Cem escritores brasileiros e suas manias quando escrevem (3)
por Michel Laub
Cardoso, autor de Cavernas e concubinas – “Em matéria de métodos, manias e superstições relativas ao ato de A Escrita, confesso que já fui bastante FRESCO nessa vida. Houve época em que achava ADEQUADO o uso de muletas mentais (ref. cit. apetrechos), tais quais CHAPÉU PANAMÁ e MÁSCARA DE BORRACHA – essa não resistiu ao verão cataclísmico de 1999 – e o consumo de DRINKS variados (destaque para minha receita particular de CHOCONHAQUE, preparado com Nescau e vodca). Também passei uns bons seis anos acreditando que, sem uma JANELA pela qual pudesse FITAR o horizonte, nada de importante poderia ser feito, mas desde que me mudei para um prédio sem vista entendi que tudo não passou de MELINDRE infundado, e que nada disso fazia a MENOR diferença para o que ou como eu escrevia. Algo que pode, entretanto, ser citado para que não pareça que sou totalmente REGULAR é o fato de eu necessitar de muita PLACIDEZ quando escrevo, motivo pelo qual SEMPRE escrevo de madrugada e, de preferência, SOZINHO. Uma outra pessoa na sala, mesmo completamente IMÓVEL me tira totalmente a concentração. Ao mesmo tempo, por mais contraditório que seja, necessito de alguma espécie de MOVIMENTO no ambiente, por isso escrevo sempre sentado de frente para uma televisão ligada, quase sempre sem volume. De tempos em tempos, troco de canal.”
Carola Saavedra, autora de Flores azuis – “No início eu era muito metódica para escrever, tinha que ser na parte da manhã, a mesa arrumada, livros e anotações por perto, porta fechada, música de fundo, xícara de café, etc. Hoje em dia as coisas são mais complexas, escrevo quando dá, do jeito que dá. De todo aquele ritual, acho que restou apenas a xícara de café.”

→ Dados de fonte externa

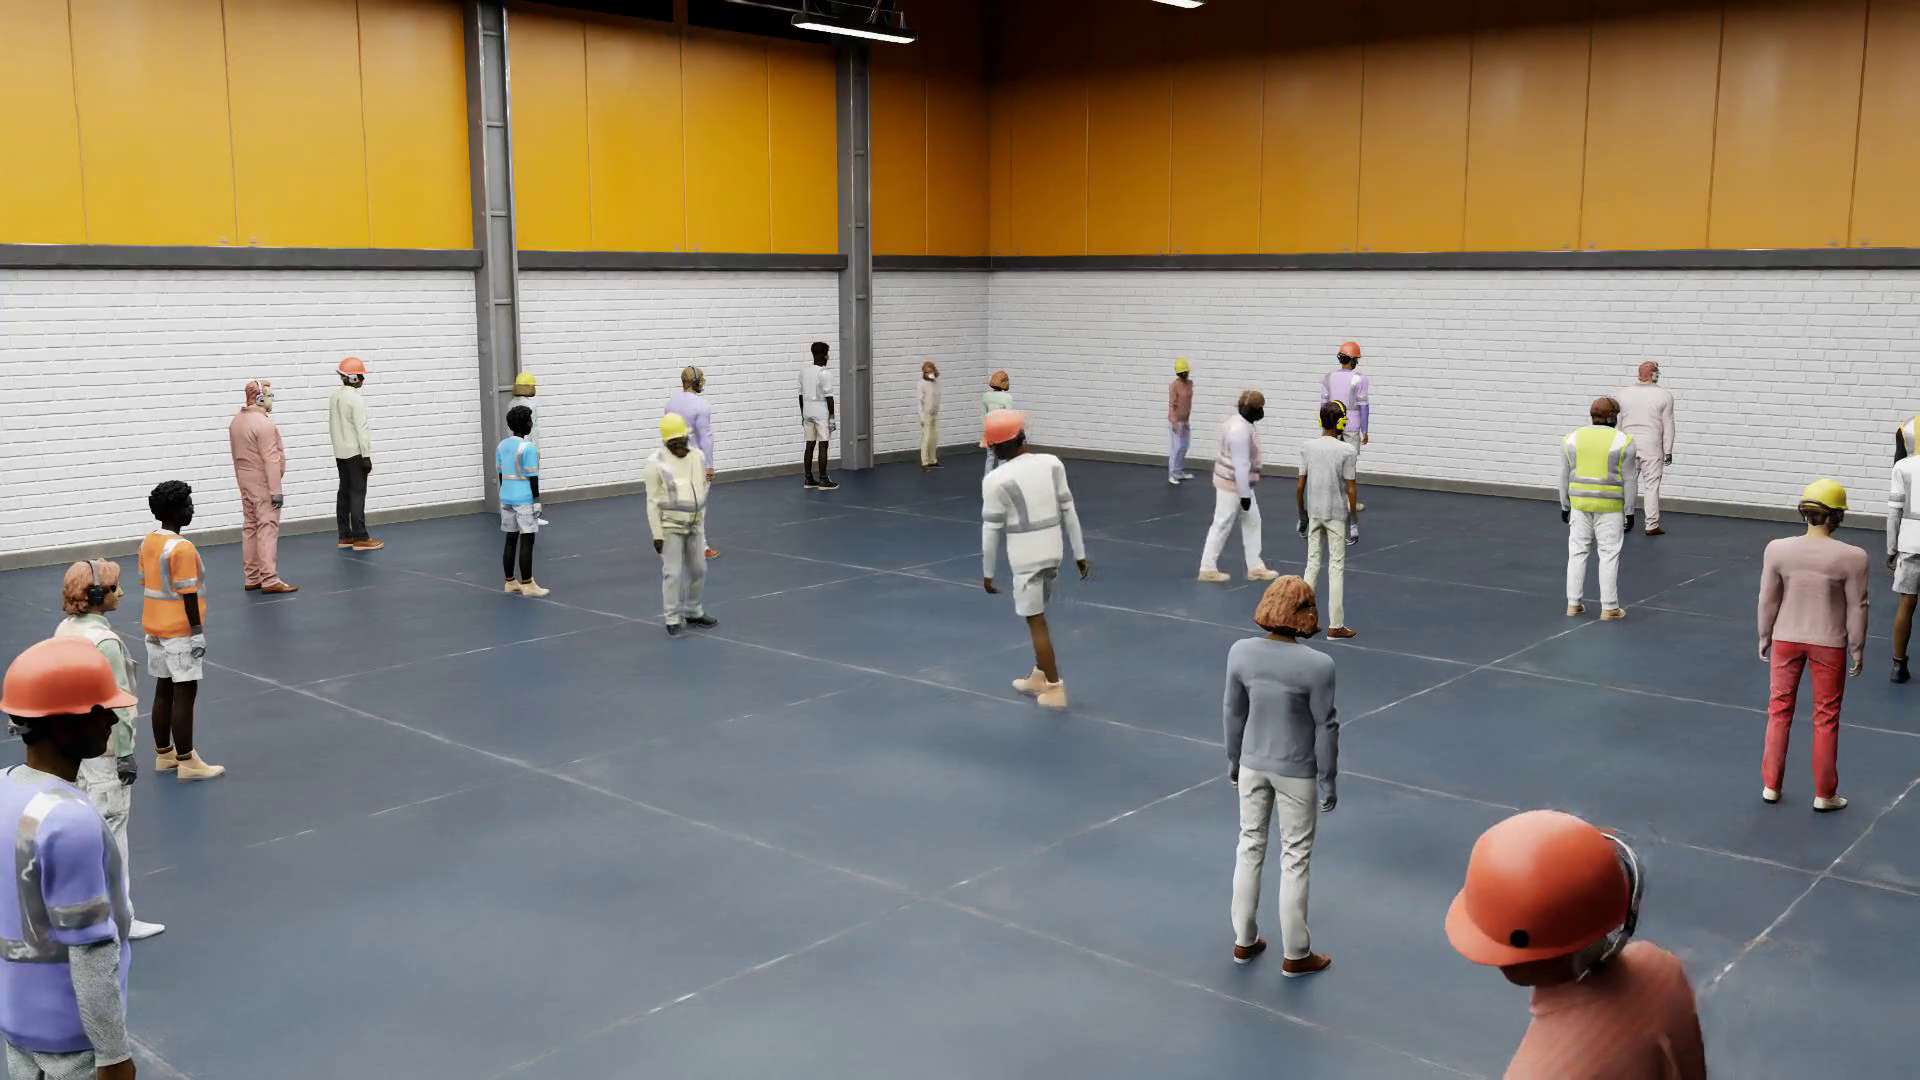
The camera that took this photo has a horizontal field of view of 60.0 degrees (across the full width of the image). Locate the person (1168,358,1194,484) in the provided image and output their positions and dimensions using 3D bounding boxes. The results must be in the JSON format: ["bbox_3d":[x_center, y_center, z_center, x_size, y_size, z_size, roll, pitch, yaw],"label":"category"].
[{"bbox_3d":[3.011,-1.615,22.598,0.441,1.720,0.643,8,12,40],"label":"person"}]

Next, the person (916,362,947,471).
[{"bbox_3d":[-0.415,-1.788,24.076,0.391,1.595,0.637,7,12,38],"label":"person"}]

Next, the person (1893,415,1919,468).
[{"bbox_3d":[8.722,-0.451,14.916,0.631,1.842,0.428,8,12,41],"label":"person"}]

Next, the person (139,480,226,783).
[{"bbox_3d":[-4.399,0.507,9.348,0.539,1.695,0.318,8,12,41],"label":"person"}]

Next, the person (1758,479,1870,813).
[{"bbox_3d":[4.527,0.554,8.847,0.531,1.765,0.327,8,12,41],"label":"person"}]

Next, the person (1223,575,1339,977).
[{"bbox_3d":[1.305,0.949,6.773,0.505,1.632,0.269,8,12,41],"label":"person"}]

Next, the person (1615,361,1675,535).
[{"bbox_3d":[7.488,-1.006,18.205,0.649,1.904,0.401,8,12,41],"label":"person"}]

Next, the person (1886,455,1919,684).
[{"bbox_3d":[6.702,0.050,11.477,0.550,1.933,0.374,8,12,41],"label":"person"}]

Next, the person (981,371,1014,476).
[{"bbox_3d":[0.490,-1.320,21.018,0.505,1.632,0.269,8,12,41],"label":"person"}]

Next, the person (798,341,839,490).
[{"bbox_3d":[-1.878,-1.648,22.044,0.612,1.961,0.364,8,12,41],"label":"person"}]

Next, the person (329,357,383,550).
[{"bbox_3d":[-6.273,-0.896,17.225,0.619,1.992,0.396,8,12,41],"label":"person"}]

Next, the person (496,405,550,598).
[{"bbox_3d":[-3.868,-0.339,14.661,0.539,1.695,0.318,8,12,41],"label":"person"}]

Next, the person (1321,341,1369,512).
[{"bbox_3d":[4.643,-1.362,20.006,0.613,2.041,0.393,8,12,41],"label":"person"}]

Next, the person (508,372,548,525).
[{"bbox_3d":[-4.928,-1.038,18.911,0.491,1.741,0.323,8,12,41],"label":"person"}]

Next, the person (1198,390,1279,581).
[{"bbox_3d":[2.592,-0.478,15.254,0.843,1.791,0.628,3,9,16],"label":"person"}]

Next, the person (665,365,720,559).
[{"bbox_3d":[-2.685,-0.771,16.617,0.633,1.938,0.356,8,12,41],"label":"person"}]

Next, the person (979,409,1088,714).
[{"bbox_3d":[0.433,0.128,10.844,0.703,1.975,0.731,-7,11,-37],"label":"person"}]

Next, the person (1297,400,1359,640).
[{"bbox_3d":[2.873,-0.158,12.991,0.528,1.869,0.313,8,12,41],"label":"person"}]

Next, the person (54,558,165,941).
[{"bbox_3d":[-3.668,0.894,7.099,0.521,1.639,0.311,8,12,41],"label":"person"}]

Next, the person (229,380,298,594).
[{"bbox_3d":[-6.221,-0.475,14.862,0.649,1.906,0.401,8,12,41],"label":"person"}]

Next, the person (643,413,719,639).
[{"bbox_3d":[-2.184,-0.114,12.975,0.461,1.787,0.645,8,12,40],"label":"person"}]

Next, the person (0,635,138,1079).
[{"bbox_3d":[-2.252,1.198,4.258,0.550,1.935,0.376,8,12,41],"label":"person"}]

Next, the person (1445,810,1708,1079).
[{"bbox_3d":[1.165,1.398,3.020,0.769,1.950,0.391,-9,12,-43],"label":"person"}]

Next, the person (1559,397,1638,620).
[{"bbox_3d":[5.275,-0.263,13.741,0.631,1.840,0.428,8,12,41],"label":"person"}]

Ivana Arruda Leite, autora de Alameda Santos – “Pra falar a verdade, eu detesto escrever. O meu barato é reescrever, mexer no que já está escrito. O começo de um livro é sempre um sacrifício sem fim. Até porque eu sou do tipo que já tem a história pronta na cabeça antes de escrevê-la. Daí a preguiça. Pra eu me obrigar a ficar umas horinhas na frente do computador é só na base do prêmio e castigo. Eu fico me prometendo coisas. Se eu escrever mais uma hora, eu posso ficar duas no twitter. Ou jogando no computador. Se eu não escrever um capítulo hoje, eu não vou poder sair pra beber. Nesta fase, eu só escrevo de manhã e no meu trabalho. Trabalho de prisioneiro mesmo. Eu só relaxo depois da primeira versão concluída. Aí sim o prazer da escrita aparece e eu escrevo freneticamente de dia, de noite, em qualquer lugar. Se o editor não arranca o livro da minha mão eu mexo nele pro resto da vida.”
Luiz Ruffato, autor de Estive em Lisboa e lembrei de você – “Acordo, de segunda a sexta, invariavelmente, quando não estou viajando, às 6 da manhã, tomo café, leio o jornal, e às 7 começo a trabalhar. Sigo até meio-dia e meia, quando almoço. Não tenho superstições ou manias. Só escrevo em minha casa, em São Paulo, sempre diretamente no computador. As tardes dedico-as a responder mensagens, ir ao banco, resolver questões domésticas. À noite leio e às 10 já estou recolhido à cama.”
Marçal Aquino, autor de Eu receberia as piores notícias de seus lindos lábios – “Escrevo literatura exclusivamente a mão, em cadernos tipo universitário, com caneta macia. Gosto da frase do Kureishi: ‘Escrevo com pau duro e caneta de ponta mole, e não o contrário’. Acho que é por aí. Se houver música, será instrumental, que letras atrapalham nessa hora. O ideal é que eu esteja sozinho e disponha do tempo que precisar, nem que seja uma ilusão.”